The memory layout is as follows:

We can see that the a property, which was referring to an Array object in the heap, now points to another empty object, and then the Array object in the heap is garbage, because we can’t walk from a root object to the Array object, and then the Array object is garbage.

Garbage collection algorithm

The implementation of garbage collection can be divided into the following three steps:

Step 1: Accessibility

From the GC Roots object, traverse all objects in GC Root:

  • Reachable objects: Objects that are iterated through by GC Root are considered reachable, and must be guaranteed to remain in memory.
  • Unreachable objects: Objects that are not traversed by GC Roots are unreachable and tagged, and may be reclaimed.

In a browser environment, there are many GC roots, usually including (but not limited to) the following: the global Window object (located in each iframe); The document DOM tree, which consists of all the native DOM nodes that can be reached by traversing the document; Store variables on the stack.

Step 2: Reclaim memory occupied by unreachable objects

  • All objects marked as recyclable in memory are cleaned uniformly after all tags are completed.

Step 3: Memory defragment

  • After objects are reclaimed frequently, there will be a large amount of discontinuous space in memory, which is called memory fragmentation.
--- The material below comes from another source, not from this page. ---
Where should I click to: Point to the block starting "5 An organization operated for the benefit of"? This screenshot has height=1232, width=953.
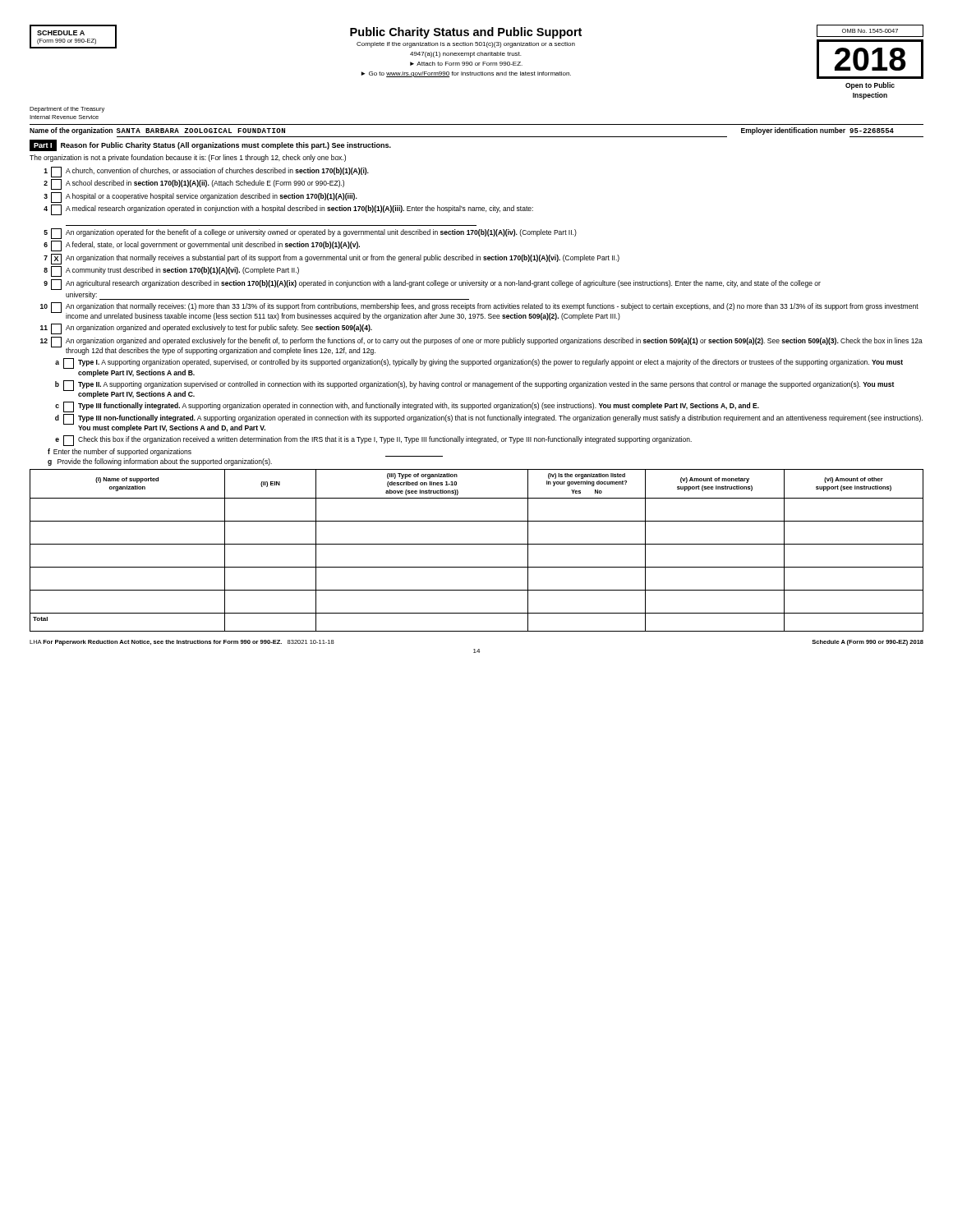click(476, 233)

When you have a large amount of memory fragmentation, you run out of memory if you need to allocate large contiguous memory, so the last step is to defragment the memory. However, this step is not necessary, for example, the paralgarbage collector we will introduce next does not generate memory fragmentation.

This is the general garbage collection process. V8 currently uses two garbage collectors, the main garbage collector and the secondary garbage collector. Let’s take a look at how the two collectors collect garbage in detail.

Secondary garbage collector and primary garbage collector

  • In V8, the heap is divided into new generation (which typically supports only 1-8m capacity) and old generation (which holds short-lived objects), and old generation (which holds long-lived objects).

Secondary garbage collector

  • Responsible for the garbage collection of the new generation, most of the small objects will be allocated to the new generation, garbage collection is relatively frequent.
  • Insane garbage data from the new generation is processed using the Scavenge algorithm. Divided into two areas: object area, free area. As shown below:

  • Garbage collection process:

    New objects are stored in the object area. When the object area is nearly full, a garbage cleanup operation is performed.

    • 1. Garbage marking and cleaning: first to mark the garbage in the object area; After the marking is complete, the garbage cleaning phase is entered, as shown below:

> < span style = "max-width: 100%; clear: both; min-height: 1em;Copy the code
  • 2. Role reversal: After the replication, perform role reversal. Change the original object area to free area, and change the original free area to object area, as shown below:

Main garbage collector

  • Is responsible for garbage collection in the old generation. Most of the objects that occupy large space and live long will be allocated to the old generation.

  • Garbage data in the old generation is collected by — mark-clean algorithm. Because objects in the old generation are usually large, it is time-consuming to copy large objects, which will lead to low efficiency of collection execution, so the mark-clean method is adopted.

  • Garbage collection process:

    • 1. Marking: The marking stage is to start from a group of root elements and recursively traverse this group of root elements. In this traversal process, the elements that can be reached are called active objects, and the elements that cannot be reached can be judged as junk data.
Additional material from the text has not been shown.